Why Enpro Is Not Exciting

Holding a Guinness World Record for creating the world's largest gasket, Enpro (NYSE:NPO) designs, manufactures, and sells products used for machinery in various industries.

  • Sales stagnated over the last five years and signal the need for new growth strategies
  • ROIC of 6.5% reflects management’s challenges in identifying attractive investment opportunities
  • A positive is that its earnings per share have outperformed its peers over the last five years, increasing by 25.6% annually
Enpro doesn’t fulfill our quality requirements. There’s a wealth of better opportunities.
StockStory Analyst Team

Why There Are Better Opportunities Than Enpro

At $269.37 per share, Enpro trades at 32.2x forward P/E. Not only is Enpro’s multiple richer than most industrials peers, but it’s also expensive for its revenue characteristics.
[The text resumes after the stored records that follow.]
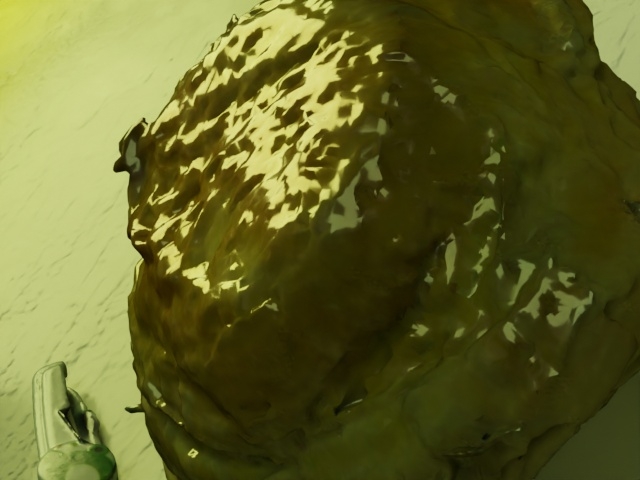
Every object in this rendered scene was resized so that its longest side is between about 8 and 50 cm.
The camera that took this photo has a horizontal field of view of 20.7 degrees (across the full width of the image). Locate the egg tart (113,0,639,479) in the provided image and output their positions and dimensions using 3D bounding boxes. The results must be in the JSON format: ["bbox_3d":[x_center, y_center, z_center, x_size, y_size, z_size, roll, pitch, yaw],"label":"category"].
[{"bbox_3d":[0.000,0.000,0.850,0.339,0.153,0.351,-37,41,33],"label":"egg tart"}]

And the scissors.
[{"bbox_3d":[-0.131,0.131,0.943,0.101,0.027,0.204,-7,32,-15],"label":"scissors"}]

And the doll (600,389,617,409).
[{"bbox_3d":[0.141,0.010,0.867,0.102,0.089,0.179,6,59,-8],"label":"doll"}]

There are stocks out there featuring similar valuation multiples with better fundamentals. We prefer to invest in those.

3. Enpro (NPO) Research Report: Q4 CY2025 Update

Industrial technology solutions provider EnPro Industries (NYSE:NPO) beat Wall Street’s revenue expectations in Q4 CY2025, with sales up 14.3% year on year to $295.4 million. Its non-GAAP profit of $1.99 per share was 4% above analysts’ consensus estimates.

Enpro (NPO) Q4 CY2025 Highlights:

  • Revenue: $295.4 million vs analyst estimates of $281 million (14.3% year-on-year growth, 5.1% beat)
  • Adjusted EPS: $1.99 vs analyst estimates of $1.91 (4% beat)
  • Adjusted EBITDA: $69.4 million vs analyst estimates of $68.5 million (23.5% margin, 1.3% beat)
  • Adjusted EPS guidance for the upcoming financial year 2026 is $8.85 at the midpoint, beating analyst estimates by 0.9%
  • EBITDA guidance for the upcoming financial year 2026 is $312.5 million at the midpoint, above analyst estimates of $308.7 million
  • Operating Margin: 11.2%, down from 15.1% in the same quarter last year
  • Free Cash Flow Margin: 16.3%, down from 19% in the same quarter last year
  • Market Capitalization: $5.67 billion

Company Overview

Holding a Guinness World Record for creating the world's largest gasket, Enpro (NYSE:NPO) designs, manufactures, and sells products used for machinery in various industries.

Established in 2002 as a spin-off from Goodrich Corporation, Enpro has developed into a company focusing on applications across various markets, including semiconductor, photonics, industrial process, aerospace, food, biopharmaceuticals, and life sciences. Enpro's business model centers on the design, development, manufacture, and marketing of products and solutions for industrial applications. The company operates through two main segments: Sealing Technologies and Advanced Surface Technologies.

The Sealing Technologies segment, which includes Garlock, Technetics, and STEMCO, produces a range of sealing products such as gaskets, dynamic seals, and compression packing. These products are used in industries like chemical processing, nuclear energy, and aerospace. The Advanced Surface Technologies segment, comprising NxEdge, Technetics Semi, LeanTeq, and Alluxa, provides services and products for the semiconductor industry and other high-tech sectors.

The company has made several purchases to expand its product offerings and market presence. Notable acquisitions include NxEdge in 2021, which increased Enpro's involvement in the semiconductor industry, and Alluxa in 2020, which added optical filters and thin-film coatings to its product line.

4. Engineered Components and Systems

Engineered components and systems companies possess technical know-how in sometimes narrow areas such as metal forming or intelligent robotics. Lately, automation and connected equipment collecting analyzable data have been trending, creating new demand. On the other hand, like the broader industrials sector, engineered components and systems companies are at the whim of economic cycles. Consumer spending and interest rates, for example, can greatly impact the industrial production that drives demand for these companies’ offerings.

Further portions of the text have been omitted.